Durante una década el frontend modeló la espera como si fuera información del dominio. Cada recurso remoto arrastraba tres campos —cargando, error, datos— que el programador declaraba, sincronizaba y comprobaba en cada consumidor, y esa triplicación producía una geometría de estados imposibles que nadie sabía cerrar: cargando y con error a la vez, con datos y cargando, con error pero con datos viejos que ya no corresponden a la consulta actual. El número de combinaciones crecía exponencialmente con el número de recursos, y la mayoría no significaban nada. Suspense propone una inversión que es más profunda de lo que su ergonomía sugiere: la espera no es un valor que el dominio deba conocer, sino una propiedad del acto de leer, y por tanto pertenece al mecanismo de renderizado y no al modelo. Cuando la ausencia de un dato se expresa como suspensión, los estados imposibles dejan de ser representables porque el componente que lee o tiene el valor o no llega a ejecutarse; no hay una tercera situación que codificar ni una rama que olvidar. Ese es el mismo principio que ha guiado todo el track cuando pedía minimizar el estado real: cada campo que se elimina del modelo no es solo una línea menos, es un conjunto entero de combinaciones que dejan de existir y que nadie tendrá que probar, documentar ni depurar. La madurez consiste en reconocer qué preguntas pertenecen al dominio y cuáles al mecanismo. Si el usuario ya llegó o no es una cuestión del mecanismo. Qué puede hacer ese usuario es del dominio. Mezclarlas fue el error de una generación de código, y separarlas es lo que hace que un componente pueda escribirse suponiendo que sus datos existen, que es la única suposición bajo la cual la lógica de negocio se lee con claridad.

⚔️ Gobierna la espera en lugar de sufrirla
  1. Convierte una carga de datos que hoy gestionas con banderas manuales en un átomo asíncrono y elimina todas las comprobaciones de carga de los consumidores. Cuenta las ramas que desaparecen.
  2. Coloca un único límite de suspensión en la raíz y observa el resultado. Después descompón la interfaz en límites por región y compara ambas experiencias con la red ralentizada.

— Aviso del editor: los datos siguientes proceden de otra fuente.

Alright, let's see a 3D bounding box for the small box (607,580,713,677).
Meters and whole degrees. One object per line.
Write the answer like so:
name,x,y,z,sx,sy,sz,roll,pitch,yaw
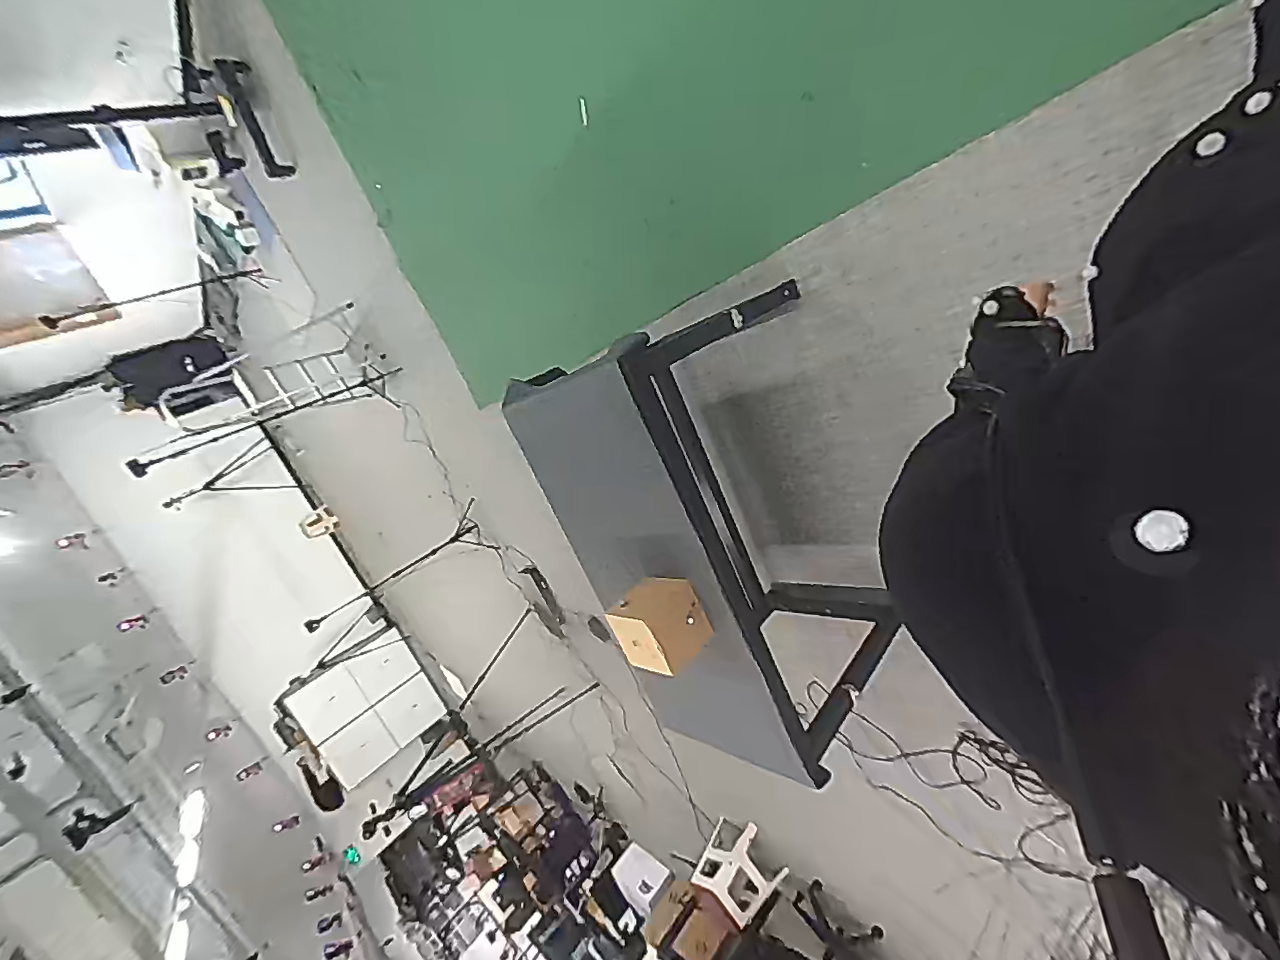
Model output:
small box,0.054,0.368,1.378,0.179,0.176,0.168,-10,110,52

  3. Provoca deliberadamente una cascada anidando dos componentes que leen átomos asíncronos independientes. Mide el tiempo total, reestructura para que se pidan en paralelo y vuelve a medir.
  4. Cambia una dependencia de un átomo asíncrono y observa el parpadeo. Aplica la conservación del valor previo y describe exactamente qué cambió en la percepción.
  5. Sustituye un consumidor que suspende por uno que lee la versión con estado explícito y muestra un indicador en línea. Argumenta en qué situaciones cada opción es preferible.
  6. Escribe un átomo de acción asíncrono que envíe datos y provoque la recarga del grafo. Después lánzalo dos veces seguidas y comprueba si el resultado obsoleto puede ganar la carrera; añade la cancelación si tu caso lo exige.